Chekhanov’s office. Everything must be in that office, surely? If you were going to pick someone to testify against Malin, it would be Chekhanov. He knew everything. Every corrupt payment, every shaky transaction, every fraud Malin had ever committed.

That was the place. Could he break in? A crazy idea. But he could have others do it for him. Any one of those former government security companies that advertised in the Moscow papers would do it. They would have to do it discreetly, of course; any indication that the office had been breached might lead back to him. Was there some way of making it look like Ikertu? Leave a trace back to London. He could ask those half-soaked London investigators to engage the Russians on his behalf.

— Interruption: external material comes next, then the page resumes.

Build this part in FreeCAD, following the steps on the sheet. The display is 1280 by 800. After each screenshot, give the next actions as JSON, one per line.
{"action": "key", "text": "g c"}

Lock sat back in his seat, wondering dizzily about the plan. It wasn’t bad. In fact it was good. This, after all, was the sort of thing that happened in Moscow every day. He was beginning to think like a Russian.

But then he began to think like a lawyer. The loyalty of Lock’s investigators, of InvestSol, could that be relied upon? All it would take was for one of them to realize what was going on and he could end up being blackmailed. Or, more likely and far more dangerous, someone would mess up the job and the fearsome Horkov, or some even more frightening creature from Malin’s crack regiment of brutal old spooks, would track it all back to him.